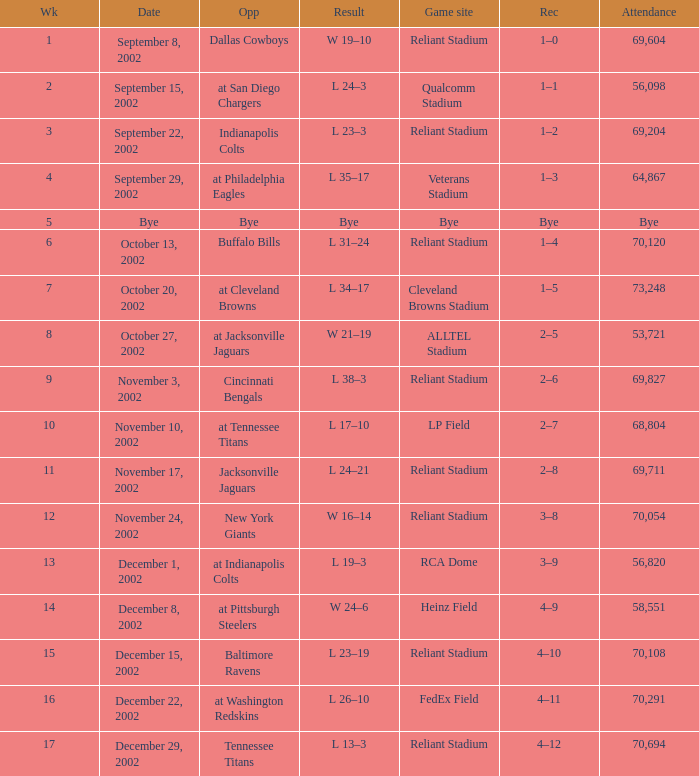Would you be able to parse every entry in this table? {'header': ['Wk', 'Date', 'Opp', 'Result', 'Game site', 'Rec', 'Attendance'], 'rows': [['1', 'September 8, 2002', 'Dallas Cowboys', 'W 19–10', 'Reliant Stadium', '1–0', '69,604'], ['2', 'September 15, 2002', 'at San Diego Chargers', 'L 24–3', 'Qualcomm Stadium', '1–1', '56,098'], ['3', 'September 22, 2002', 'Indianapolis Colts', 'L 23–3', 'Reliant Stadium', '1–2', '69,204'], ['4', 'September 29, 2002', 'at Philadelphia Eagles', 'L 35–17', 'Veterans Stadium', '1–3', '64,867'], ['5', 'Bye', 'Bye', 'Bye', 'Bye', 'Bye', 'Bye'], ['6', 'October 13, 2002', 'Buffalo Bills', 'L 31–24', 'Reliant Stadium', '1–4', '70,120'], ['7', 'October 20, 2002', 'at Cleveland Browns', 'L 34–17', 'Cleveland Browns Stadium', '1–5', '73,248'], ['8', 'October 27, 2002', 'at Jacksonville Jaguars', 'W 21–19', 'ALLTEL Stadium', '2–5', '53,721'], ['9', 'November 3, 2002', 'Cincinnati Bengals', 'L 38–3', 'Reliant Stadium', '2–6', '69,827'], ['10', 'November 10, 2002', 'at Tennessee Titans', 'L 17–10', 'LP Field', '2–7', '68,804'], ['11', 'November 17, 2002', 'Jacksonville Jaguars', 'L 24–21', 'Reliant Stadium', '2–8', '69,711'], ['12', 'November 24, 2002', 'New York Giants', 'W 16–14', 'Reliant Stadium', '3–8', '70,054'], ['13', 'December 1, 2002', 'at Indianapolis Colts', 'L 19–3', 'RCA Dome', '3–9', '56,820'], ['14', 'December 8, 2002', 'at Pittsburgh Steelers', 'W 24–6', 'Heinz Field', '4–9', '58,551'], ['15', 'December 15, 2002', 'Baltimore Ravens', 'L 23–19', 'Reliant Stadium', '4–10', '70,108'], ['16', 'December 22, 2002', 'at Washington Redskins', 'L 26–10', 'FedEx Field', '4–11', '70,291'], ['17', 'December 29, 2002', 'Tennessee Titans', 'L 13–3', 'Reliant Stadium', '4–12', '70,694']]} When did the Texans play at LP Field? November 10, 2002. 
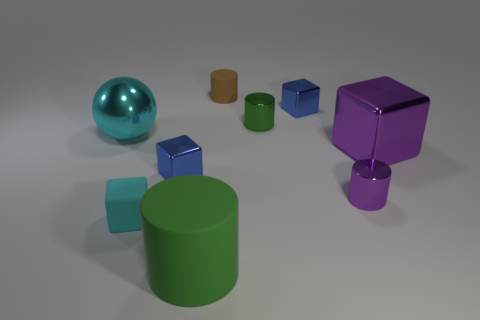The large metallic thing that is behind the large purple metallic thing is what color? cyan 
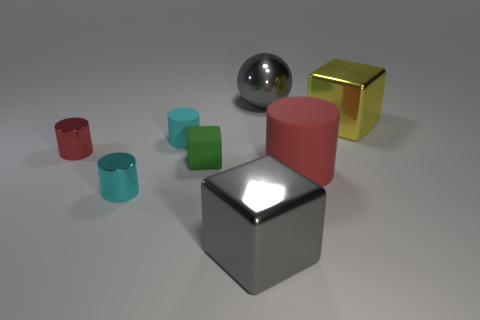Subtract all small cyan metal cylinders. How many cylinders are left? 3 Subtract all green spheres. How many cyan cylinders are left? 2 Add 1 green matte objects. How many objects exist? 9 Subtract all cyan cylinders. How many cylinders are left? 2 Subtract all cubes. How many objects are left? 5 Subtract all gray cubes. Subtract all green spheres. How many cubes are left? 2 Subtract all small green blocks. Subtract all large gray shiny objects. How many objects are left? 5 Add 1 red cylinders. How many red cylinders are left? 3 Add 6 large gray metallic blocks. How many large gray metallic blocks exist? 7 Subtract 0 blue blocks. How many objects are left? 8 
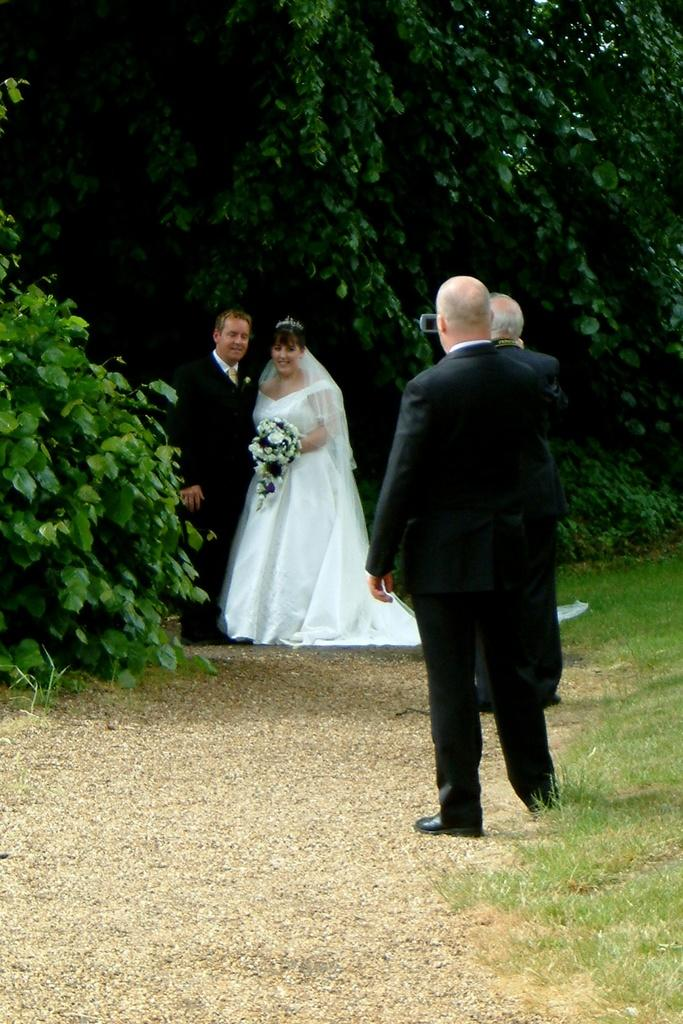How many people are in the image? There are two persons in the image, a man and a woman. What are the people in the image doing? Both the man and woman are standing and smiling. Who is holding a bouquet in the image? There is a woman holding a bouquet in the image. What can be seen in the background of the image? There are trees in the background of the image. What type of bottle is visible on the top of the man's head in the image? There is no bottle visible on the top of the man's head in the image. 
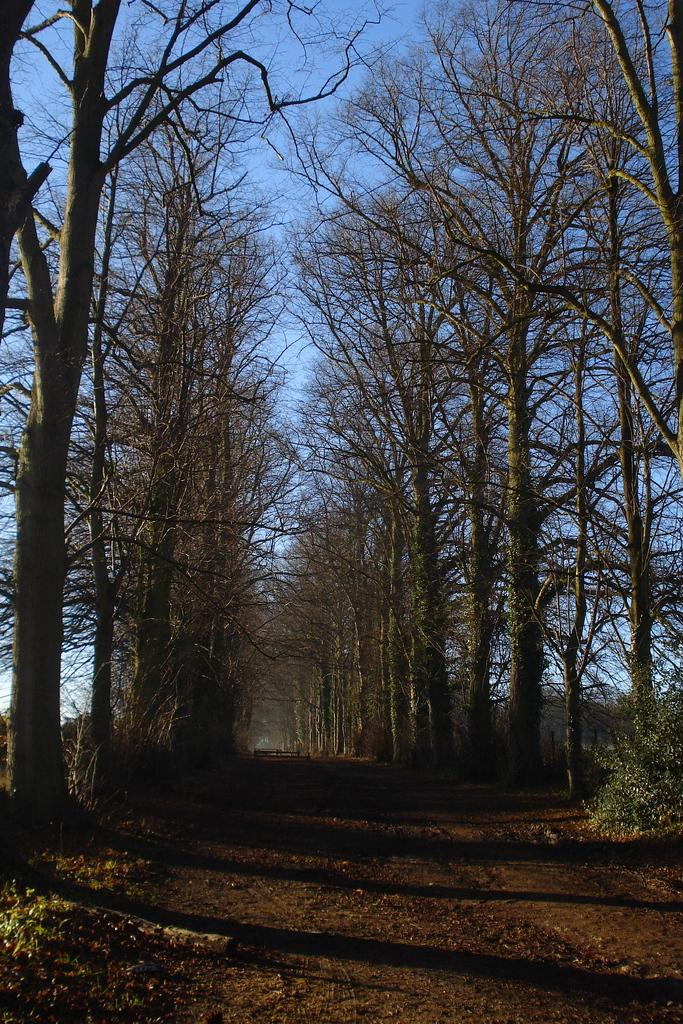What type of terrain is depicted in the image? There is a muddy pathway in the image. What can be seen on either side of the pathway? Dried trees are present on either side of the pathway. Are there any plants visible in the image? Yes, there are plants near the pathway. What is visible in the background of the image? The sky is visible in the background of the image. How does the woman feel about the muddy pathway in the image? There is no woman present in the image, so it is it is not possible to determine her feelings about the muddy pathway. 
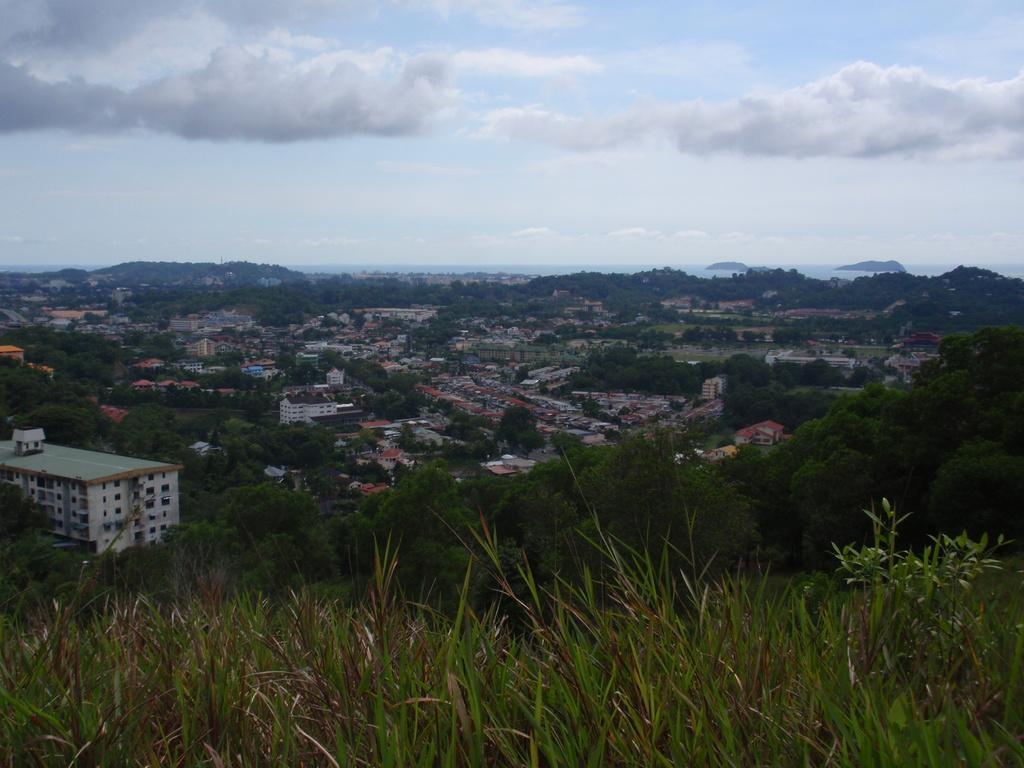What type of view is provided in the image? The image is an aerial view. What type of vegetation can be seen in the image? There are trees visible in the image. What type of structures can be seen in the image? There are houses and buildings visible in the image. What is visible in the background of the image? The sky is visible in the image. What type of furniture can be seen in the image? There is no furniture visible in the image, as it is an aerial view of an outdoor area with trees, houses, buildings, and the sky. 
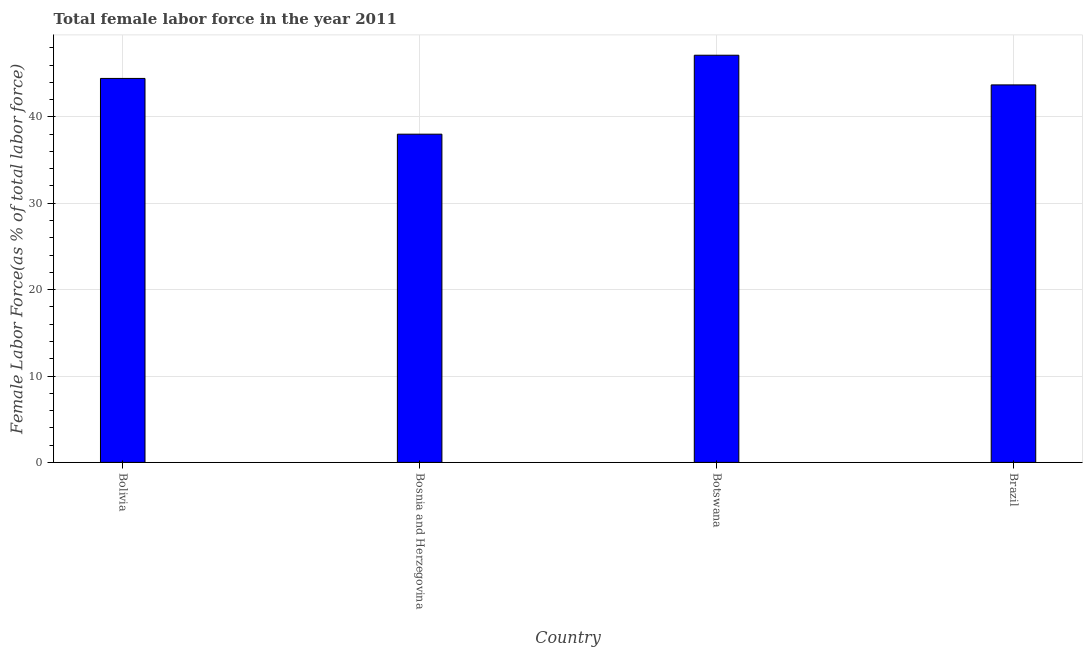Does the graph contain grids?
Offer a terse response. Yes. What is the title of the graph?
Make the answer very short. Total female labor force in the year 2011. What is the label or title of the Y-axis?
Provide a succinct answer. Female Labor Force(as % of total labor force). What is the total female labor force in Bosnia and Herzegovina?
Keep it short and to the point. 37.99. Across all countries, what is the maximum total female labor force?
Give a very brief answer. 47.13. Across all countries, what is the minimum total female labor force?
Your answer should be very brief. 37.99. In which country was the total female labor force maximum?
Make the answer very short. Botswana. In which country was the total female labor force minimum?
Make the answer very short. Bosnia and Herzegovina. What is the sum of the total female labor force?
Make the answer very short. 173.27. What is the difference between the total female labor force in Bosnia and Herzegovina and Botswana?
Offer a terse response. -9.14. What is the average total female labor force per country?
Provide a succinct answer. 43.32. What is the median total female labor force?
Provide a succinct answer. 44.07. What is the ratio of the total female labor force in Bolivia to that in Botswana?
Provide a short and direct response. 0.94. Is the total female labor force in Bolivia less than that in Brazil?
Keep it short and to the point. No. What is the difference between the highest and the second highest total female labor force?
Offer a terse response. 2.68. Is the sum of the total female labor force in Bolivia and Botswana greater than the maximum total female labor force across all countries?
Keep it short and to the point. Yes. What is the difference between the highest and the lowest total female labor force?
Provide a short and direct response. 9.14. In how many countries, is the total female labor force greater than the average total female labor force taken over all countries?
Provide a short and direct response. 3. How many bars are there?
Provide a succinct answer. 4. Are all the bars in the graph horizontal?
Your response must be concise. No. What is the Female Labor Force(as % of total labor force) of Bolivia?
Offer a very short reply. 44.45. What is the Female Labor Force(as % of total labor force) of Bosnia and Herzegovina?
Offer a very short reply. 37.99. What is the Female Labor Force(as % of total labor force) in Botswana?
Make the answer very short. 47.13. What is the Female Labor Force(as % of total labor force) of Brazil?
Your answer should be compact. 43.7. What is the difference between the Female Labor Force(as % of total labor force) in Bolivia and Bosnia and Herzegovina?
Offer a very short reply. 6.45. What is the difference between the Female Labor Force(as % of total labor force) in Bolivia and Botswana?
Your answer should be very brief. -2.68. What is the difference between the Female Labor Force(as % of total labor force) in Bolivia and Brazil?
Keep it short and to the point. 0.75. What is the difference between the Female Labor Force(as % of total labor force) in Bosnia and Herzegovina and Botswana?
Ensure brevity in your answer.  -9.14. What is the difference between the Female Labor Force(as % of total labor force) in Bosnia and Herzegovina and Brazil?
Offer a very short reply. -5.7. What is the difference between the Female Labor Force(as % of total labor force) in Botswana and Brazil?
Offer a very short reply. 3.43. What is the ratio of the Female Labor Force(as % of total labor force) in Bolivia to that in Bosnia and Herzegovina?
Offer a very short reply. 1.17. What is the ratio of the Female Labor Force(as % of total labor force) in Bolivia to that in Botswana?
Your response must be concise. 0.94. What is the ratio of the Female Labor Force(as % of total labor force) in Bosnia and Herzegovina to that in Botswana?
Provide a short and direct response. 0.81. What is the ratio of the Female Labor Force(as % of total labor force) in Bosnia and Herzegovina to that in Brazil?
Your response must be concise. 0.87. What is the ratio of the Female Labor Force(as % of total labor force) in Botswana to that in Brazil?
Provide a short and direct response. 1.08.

◇ ◇ ◇ ◇

--- Your objective ---
What do the lines above say from the one containing "Offer a very short reply. 6.45." down to the one containing "Keep it short and to the point. 0.75."? Return them exactly, both end lines included, and only them.

--- Result of this exercise ---
Offer a very short reply. 6.45. What is the difference between the Female Labor Force(as % of total labor force) in Bolivia and Botswana?
Your answer should be very brief. -2.68. What is the difference between the Female Labor Force(as % of total labor force) in Bolivia and Brazil?
Keep it short and to the point. 0.75. What is the difference between the Female Labor Force(as % of total labor force) in Bosnia and Herzegovina and Botswana?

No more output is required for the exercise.